There’s no judgment in her voice. I nod.

“If it calls for it, yeah. Get rid of it, at a minimum. Obviously you fall in the first category. Most of the people I protect,” I say slowly, “just want to hide. You don’t. You lean forward. You grab the knife by the blade on purpose. And I—”

“You what?” she pushes.

I exhale. “I like it.”

The truck fills with that confession.

I shouldn’t have said it. But it’s out there now, hanging in the space between us like fog.

She goes quiet.

When I risk a glance, she’s looking at me with an expression I can’t categorize yet. Not mocking.

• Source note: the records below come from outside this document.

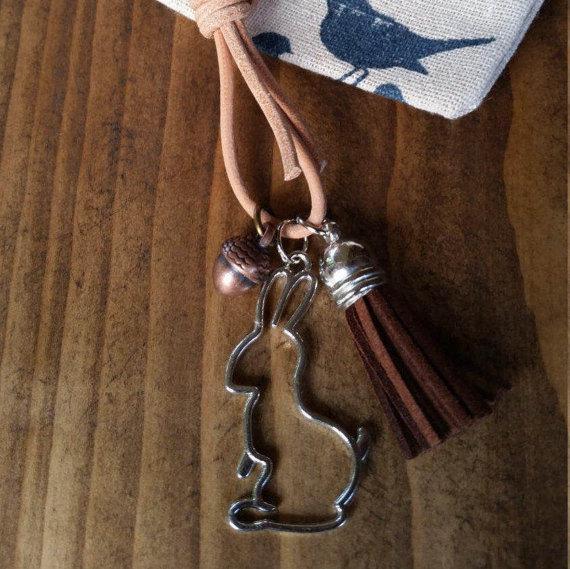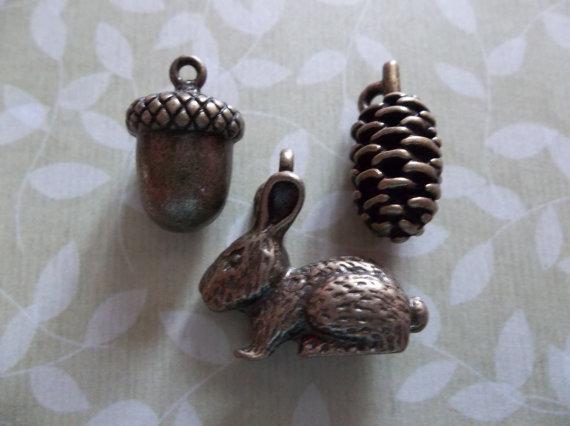The first image is the image on the left, the second image is the image on the right. For the images shown, is this caption "At least one object is made of wood." true? Answer yes or no. No. The first image is the image on the left, the second image is the image on the right. Given the left and right images, does the statement "An image includes charms shaped like a rabbit, an acorn and a pinecone, displayed on a surface decorated with a foliage pattern." hold true? Answer yes or no. Yes. 
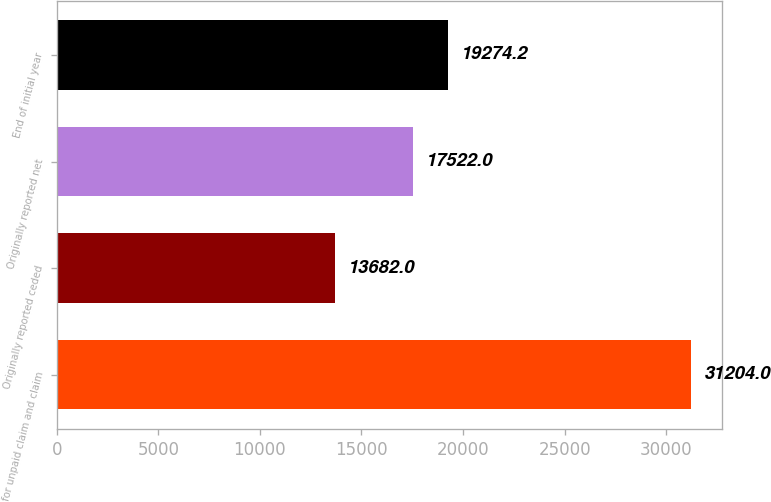Convert chart. <chart><loc_0><loc_0><loc_500><loc_500><bar_chart><fcel>for unpaid claim and claim<fcel>Originally reported ceded<fcel>Originally reported net<fcel>End of initial year<nl><fcel>31204<fcel>13682<fcel>17522<fcel>19274.2<nl></chart> 
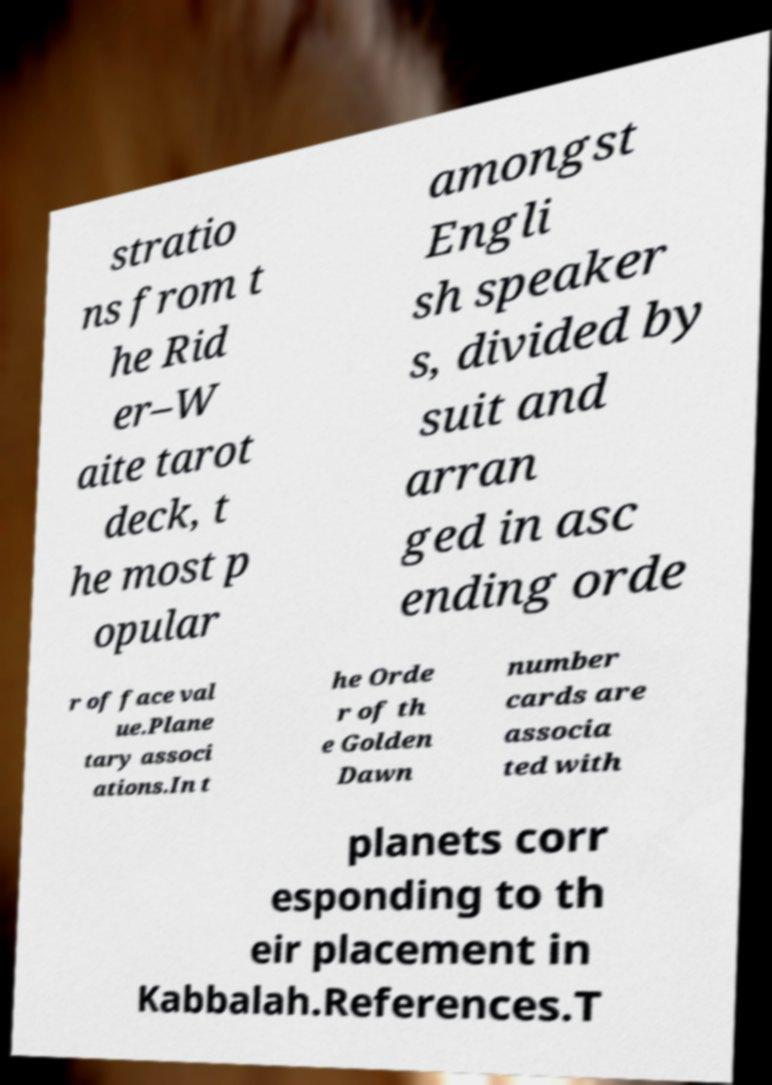For documentation purposes, I need the text within this image transcribed. Could you provide that? stratio ns from t he Rid er–W aite tarot deck, t he most p opular amongst Engli sh speaker s, divided by suit and arran ged in asc ending orde r of face val ue.Plane tary associ ations.In t he Orde r of th e Golden Dawn number cards are associa ted with planets corr esponding to th eir placement in Kabbalah.References.T

Not angry.

Soft, almost.

“You know that’s going to make things worse, right?” she says.

“Yeah,” I say. “I know.”

The road curves. Up ahead, Cotton’s place sits at the end of the lane, lights warm in a battalion of windows, wreaths on every one and the door. The kind of safe, domestic scene that shouldn’t exist in the same world as mountain graves and anonymous handles.

I realize, distantly, that some part of me is relieved she’s going to be inside that house, surrounded by people who love her, where Henry can’t reach through glass without someone seeing.

“You are not allowed to die,” I say, voice low. “Just so we’re clear.”

She snorts. “You’re very bossy for someone I technically met yesterday.”

“Yesterday or not,” I say, pulling into the drive, “I’m still the one catching you when you slip.”

“On ice,” she says. “Once.”

“Once is enough,” I say.

She unbuckles, half turned toward me now in the seat, knees drawn up. Her hair’s fallen out of whatever knot she tried to tame it with, a curl brushing her cheek.

“Is this the part where you tell me to stay in the car while you check the perimeter?” she asks lightly.

“Yes,” I say.

She smiles, slow and sharp. “Good. Because I was going to ignore that too.”

Of course you are.

I should be annoyed. Kael sent me here to keep a lid on a live wire.

He didn’t warn me it would start to feel like the only thing keeping the wire from burning down the whole damn town is me keeping my hands on it.

And if I’m honest with myself, for the first time all day, there’s another truth braided into that.

I don’t just want to keep her alive because it’s my job.

I want to keep her alive because somewhere between finding Henry at her window and boosting Tallulah into my passenger seat, she stopped being a job I was assigned—

—and started being the one person I can’t lose.